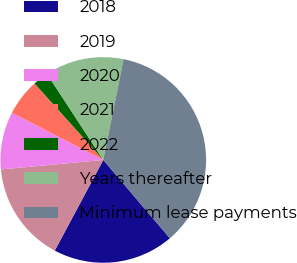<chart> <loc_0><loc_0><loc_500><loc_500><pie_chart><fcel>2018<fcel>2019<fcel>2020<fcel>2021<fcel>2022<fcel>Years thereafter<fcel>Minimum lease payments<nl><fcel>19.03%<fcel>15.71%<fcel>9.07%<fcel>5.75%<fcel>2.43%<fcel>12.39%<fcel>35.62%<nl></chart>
+++++
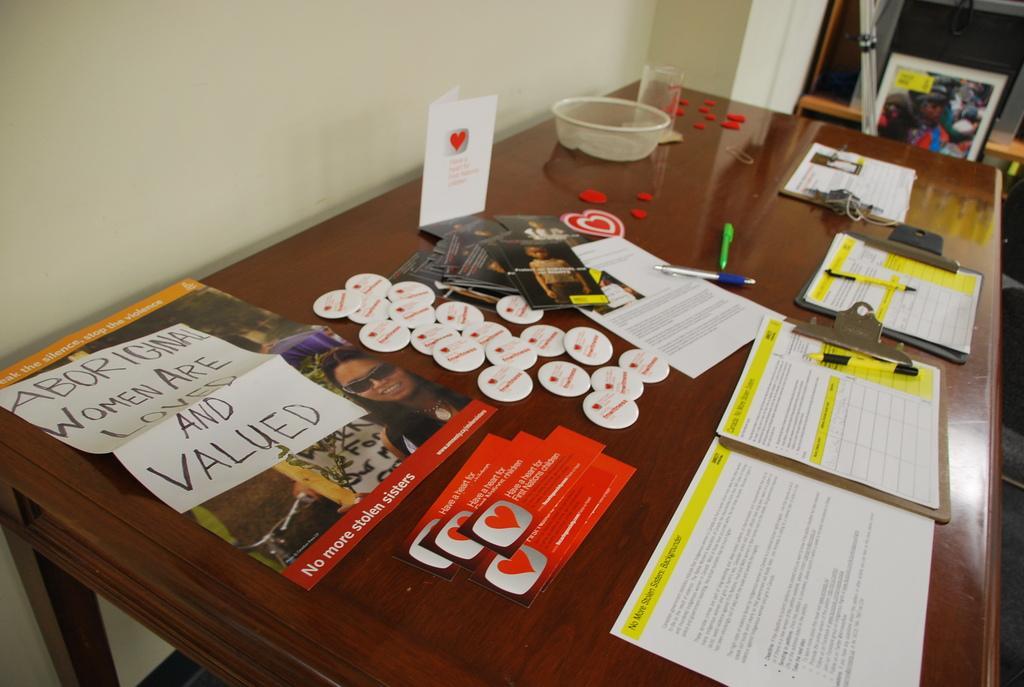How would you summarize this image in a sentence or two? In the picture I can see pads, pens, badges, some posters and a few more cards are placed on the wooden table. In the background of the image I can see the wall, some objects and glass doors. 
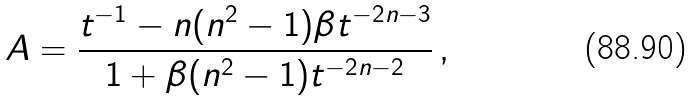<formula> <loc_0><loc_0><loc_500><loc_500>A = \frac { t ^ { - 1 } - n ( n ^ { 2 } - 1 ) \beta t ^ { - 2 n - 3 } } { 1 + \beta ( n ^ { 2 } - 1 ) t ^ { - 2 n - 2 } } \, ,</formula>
+++++
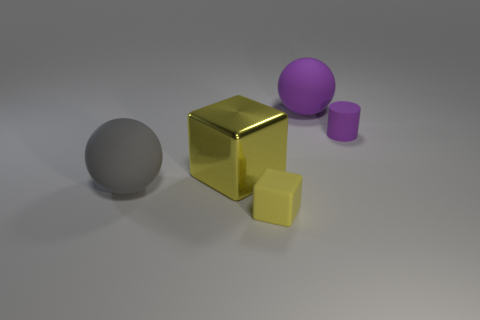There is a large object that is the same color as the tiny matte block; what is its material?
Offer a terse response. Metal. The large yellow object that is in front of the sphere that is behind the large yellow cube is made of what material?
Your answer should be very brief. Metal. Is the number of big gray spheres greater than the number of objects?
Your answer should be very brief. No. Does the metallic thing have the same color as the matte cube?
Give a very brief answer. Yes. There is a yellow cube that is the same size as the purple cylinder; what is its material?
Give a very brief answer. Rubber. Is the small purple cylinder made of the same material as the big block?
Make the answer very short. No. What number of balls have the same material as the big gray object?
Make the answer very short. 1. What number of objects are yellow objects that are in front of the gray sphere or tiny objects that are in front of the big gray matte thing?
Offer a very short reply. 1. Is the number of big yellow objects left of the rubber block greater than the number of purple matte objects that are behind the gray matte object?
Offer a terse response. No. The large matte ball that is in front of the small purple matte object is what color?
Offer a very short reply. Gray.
+++++
> [ASSIGNED TASK]
After locating the line with "Make the answer very short. 1." above, return that line and every later line through the one with "Offer a very short reply. Gray.", word for word and with nothing else.

> [SOLUTION TO THE PROBLEM]
Make the answer very short. 1. What number of objects are yellow objects that are in front of the gray sphere or tiny objects that are in front of the big gray matte thing?
Offer a very short reply. 1. Is the number of big yellow objects left of the rubber block greater than the number of purple matte objects that are behind the gray matte object?
Offer a terse response. No. The large matte ball that is in front of the small purple matte object is what color?
Offer a very short reply. Gray.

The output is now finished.